Alleen

31 oktober
Greg is weg en met hem de zomer. Er is een definitief einde gekomen aan alle zomers van 2018: de gewone, de nazomer, de indian summer en de zomers warme dagen. Het is herfst en met 5 graden eigenlijk meteen winter. Het water is nog goed te doen, maar het omkleden is ineens zo koud.
Verloren sta ik op een leeg strand te hannesen met een handdoek en mijn zwembroek. Zonder de beschutting van een strandtent hebben regen en wind vrij spel op mijn blote lijf. Onbewust draai ik weg van de wind en trek mijn rug krom om de druppels op te vangen. Zo meteen lig ik in het water, wat maakt het uit?

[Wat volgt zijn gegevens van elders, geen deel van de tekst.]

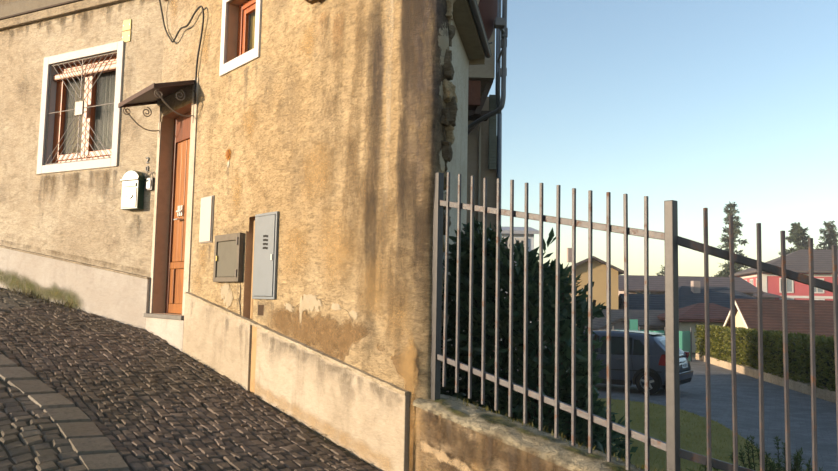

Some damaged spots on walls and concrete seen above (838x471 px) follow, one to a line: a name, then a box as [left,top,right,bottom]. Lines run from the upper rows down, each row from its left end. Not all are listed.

Maar het maakt wél uit. Dit is zo onaangenaam. Ik voel me klein en kwetsbaar. De rillingen rollen over mijn lijf en kippenvel knijpt mijn armen af. Vol zelfmedelijden maak ik een hoopje van de kleren en dek het af met de jas. Ver weg is nu de mentale kracht die ik straks wel heb als ik weer uit het water kom. Dan kan ik de wereld aan, maar nu niet. Helemaal niet zelfs. Een windvlaag neemt mijn hemd een paar meter mee over het zand. Woedend ren ik er achteraan. Met een voet druk ik het hemd in het zand. Ik pak het op, het is nat en zanderig. Ik vind het oneerlijk.
Met de strandtenten zijn ook de toeschouwers verdwenen. Tot deze week ging er ook nog wel eens iemand mee de zee in – mijn zoon, mijn vrouw, een vriend – maar zij houden het met dit weer voor gezien. Ik sta er alleen voor.
En juist vandaag kom ik een zeehond tegen. Het is de tweede keer dat ik een zeehond zie. Op een afstand van zo’n dertig meter steekt zijn gladde kop boven het water uit. Met zijn snuit omhoog heet hij mij welkom in het winterseizoen – althans, dat maak ik ervan. Ik ben nu negen maanden onderweg. Nog drie te gaan.